For many denied unemployment benefits because of their immigration status, the pandemic was devastating. Restaurants like Succotash in Penn Quarter donated meals to unemployed restaurant workers, but Bernard says some Spanish speakers missed these opportunities, especially if they weren’t on social media.

Some started cottage industries to stay afloat. Margarita Crespo, a sous-chef at Roy Boys before the pandemic, began selling tacos like her mother made in Guerrero, Mexico. They were simple and something she didn’t notice others selling in the area unlike the pan dulce pastries she first considered. She considered the business a success after bringing in between $600 and $800 on weekends from customers.

Crespo advertised the pop-up on Facebook. It went so well that Roy Boys incorporated her tacos into a rebrand. Demand was slacking for their then oyster-focused menu and after a co-worker tried her tacos, she proposed a menu change to management and arranged a tasting. The restaurant appointed her head chef, and today, next to the Roys Boys sign, there’s another for Rita’s Tacos.

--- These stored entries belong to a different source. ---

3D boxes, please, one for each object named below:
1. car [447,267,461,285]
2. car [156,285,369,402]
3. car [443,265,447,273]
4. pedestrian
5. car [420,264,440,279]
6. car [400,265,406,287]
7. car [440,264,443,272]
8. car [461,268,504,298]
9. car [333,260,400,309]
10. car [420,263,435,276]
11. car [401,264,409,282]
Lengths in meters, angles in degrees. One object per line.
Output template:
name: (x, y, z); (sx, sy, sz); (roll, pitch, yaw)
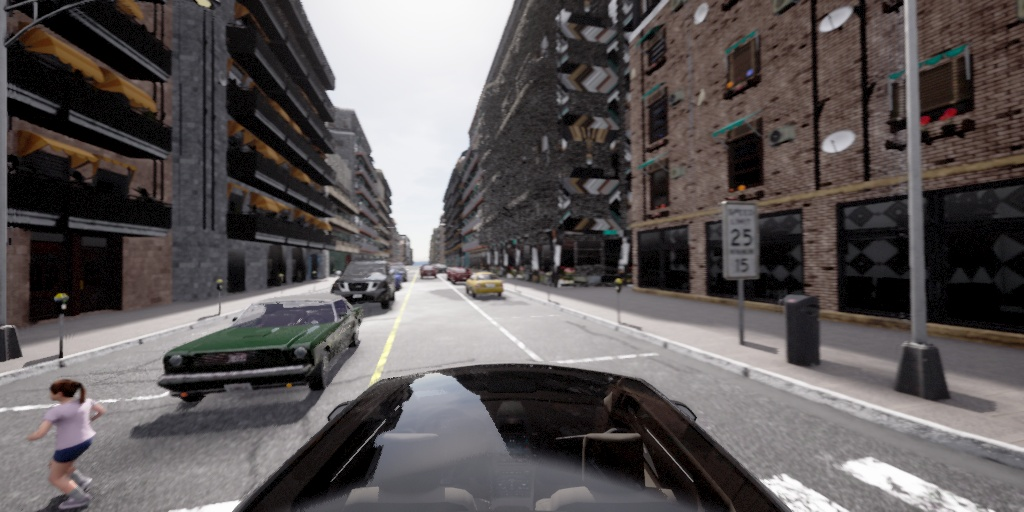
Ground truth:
car: (-4.389, 1.718, 31.444); (1.888, 1.381, 4.507); (0, 0, -14)
car: (-4.165, 1.460, 6.877); (1.895, 1.301, 4.718); (0, -1, -14)
car: (-5.775, 1.809, 36.932); (1.888, 1.381, 4.507); (0, 0, -14)
pedestrian: (-3.612, 1.480, 2.979); (0.500, 1.100, 0.500); (0, -1, -14)
car: (-9.861, 1.914, 42.543); (1.812, 1.442, 4.674); (0, -1, -14)
car: (-9.027, 1.634, 26.157); (1.882, 1.535, 5.008); (0, -1, -14)
car: (-11.319, 2.180, 58.890); (2.007, 1.370, 4.403); (0, 0, -14)
car: (-1.659, 1.522, 20.632); (1.751, 1.417, 4.829); (0, 0, -14)
car: (-6.583, 1.225, 16.459); (2.150, 2.045, 5.566); (0, -1, -14)
car: (-12.544, 1.917, 53.139); (2.097, 1.767, 4.553); (0, -1, -14)
car: (-11.531, 1.827, 36.248); (1.837, 1.490, 4.892); (0, -1, -14)
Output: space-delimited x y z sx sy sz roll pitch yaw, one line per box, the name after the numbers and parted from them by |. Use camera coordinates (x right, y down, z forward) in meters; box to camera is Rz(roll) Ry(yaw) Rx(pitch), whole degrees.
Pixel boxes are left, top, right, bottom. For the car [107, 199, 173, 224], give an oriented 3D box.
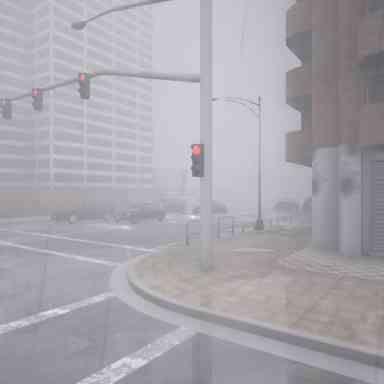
-3.840 1.526 25.193 1.812 1.442 4.674 0 0 35 | car

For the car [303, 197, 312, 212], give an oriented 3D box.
14.500 1.352 38.698 2.097 1.767 4.553 0 0 35 | car

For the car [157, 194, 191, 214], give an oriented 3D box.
-2.566 1.352 33.074 2.097 1.767 4.553 0 0 35 | car

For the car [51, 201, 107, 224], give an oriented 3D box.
-8.141 1.478 25.206 1.882 1.535 5.008 0 0 35 | car

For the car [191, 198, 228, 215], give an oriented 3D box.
1.855 1.564 33.247 1.994 1.385 4.181 0 0 36 | car

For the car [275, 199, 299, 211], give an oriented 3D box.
11.620 1.526 40.716 1.812 1.442 4.674 0 0 35 | car
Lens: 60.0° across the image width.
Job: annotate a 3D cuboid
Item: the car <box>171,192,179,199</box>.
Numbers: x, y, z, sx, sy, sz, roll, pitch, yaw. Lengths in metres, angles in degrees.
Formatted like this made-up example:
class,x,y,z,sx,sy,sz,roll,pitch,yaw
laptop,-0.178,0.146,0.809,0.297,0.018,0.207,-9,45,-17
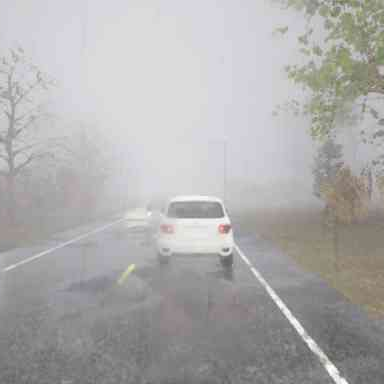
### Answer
class,x,y,z,sx,sy,sz,roll,pitch,yaw
car,-3.665,0.843,73.114,1.812,1.442,4.674,0,0,-2

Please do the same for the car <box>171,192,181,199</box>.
class,x,y,z,sx,sy,sz,roll,pitch,yaw
car,-3.810,0.849,80.490,2.128,1.511,4.902,0,0,0

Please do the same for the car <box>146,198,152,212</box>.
class,x,y,z,sx,sy,sz,roll,pitch,yaw
car,-3.735,1.328,35.718,2.033,1.411,5.357,0,0,0

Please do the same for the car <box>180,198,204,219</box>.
class,x,y,z,sx,sy,sz,roll,pitch,yaw
car,0.009,1.337,28.218,1.837,1.490,4.892,0,1,0

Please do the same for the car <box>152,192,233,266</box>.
class,x,y,z,sx,sy,sz,roll,pitch,yaw
car,0.077,1.152,11.475,2.150,2.045,5.566,0,0,-1
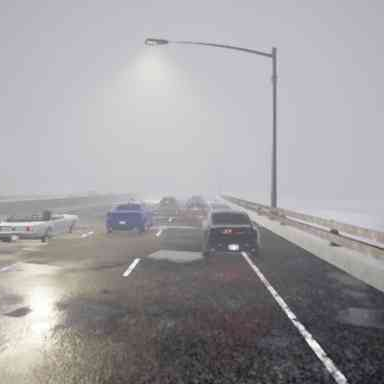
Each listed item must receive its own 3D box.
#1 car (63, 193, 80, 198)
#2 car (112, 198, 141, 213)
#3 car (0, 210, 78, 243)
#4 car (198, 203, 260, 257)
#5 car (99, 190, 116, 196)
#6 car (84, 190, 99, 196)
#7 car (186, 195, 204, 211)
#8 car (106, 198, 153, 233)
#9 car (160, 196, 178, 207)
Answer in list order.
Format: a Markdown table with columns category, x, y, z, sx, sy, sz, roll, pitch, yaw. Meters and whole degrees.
| category | x | y | z | sx | sy | sz | roll | pitch | yaw |
| --- | --- | --- | --- | --- | --- | --- | --- | --- | --- |
| car | -23.304 | 0.943 | 64.421 | 2.128 | 1.511 | 4.902 | 0 | 0 | 2 |
| car | -6.569 | 1.279 | 33.669 | 1.895 | 1.301 | 4.718 | 0 | 1 | 1 |
| car | -6.833 | 1.452 | 15.110 | 1.895 | 1.301 | 4.718 | 0 | 1 | 1 |
| car | 1.267 | 1.383 | 12.359 | 1.837 | 1.490 | 4.892 | 0 | 1 | 0 |
| car | -16.253 | 0.766 | 65.935 | 2.097 | 1.767 | 4.553 | 0 | 0 | 3 |
| car | -19.725 | 0.636 | 66.385 | 2.150 | 2.045 | 5.566 | 0 | 0 | 2 |
| car | 0.408 | 1.262 | 35.338 | 1.895 | 1.301 | 4.718 | 0 | 1 | 2 |
| car | -3.298 | 1.297 | 18.352 | 1.882 | 1.535 | 5.008 | 0 | 1 | 1 |
| car | -2.879 | 1.167 | 41.857 | 1.994 | 1.385 | 4.181 | 0 | 1 | 1 |

Crespo will serve her tacos at the fiesta on Oct. 13, alongside dishes from a few others. The Commodore’s head chef Noah Ramirez plans to make fried plantains and smoked beans—a Southern twist on the meals he had during summers spent with family outside of San Miguel, El Salvador. A number of Salvadoran-inspired specials have also made their way onto Commodore’s menu.

Like Mendez, Ramirez says he joined the festivities to share new dishes with D.C. and to show support for unemployed and underemployed kitchen workers. Some of the proceeds from the fiesta will go to CASA de Maryland, an “immigrant and Latino advocacy organization.”

In addition to Qui Qui’s Puerto Rican fare, Mendez serves rotating Mexican and Salvadoran specials at his Shaw restaurant. His mother is Mexican and one of his staff members is Salvadoran. For the fiesta, the team plans to make pernil (Puerto Rican pork shoulder) and pupusas. 

Marrero hopes to draw a range of people, from those familiar to those curious. That’s what happened at Casa Kantuta—a Bolivian pop-up Bernard helped run in August that was packed nightly. Kantuta brought the Hispanic community together while simultaneously introducing people to Bolivian culture.

Despite making it through the first 18 months of the pandemic, and inspiring stories like Crespo’s, memories of the darkest months haven’t been wiped away. Some Hispanic restaurant workers are still looking for recognition for perseverance and willingness to keep working in dangerous situations. “It made a big difference that we never left our jobs,” Sánchez says. Without us, he adds, “everything falls apart.”

Correction: This story initially misspelled Jesse Marrero’s last name.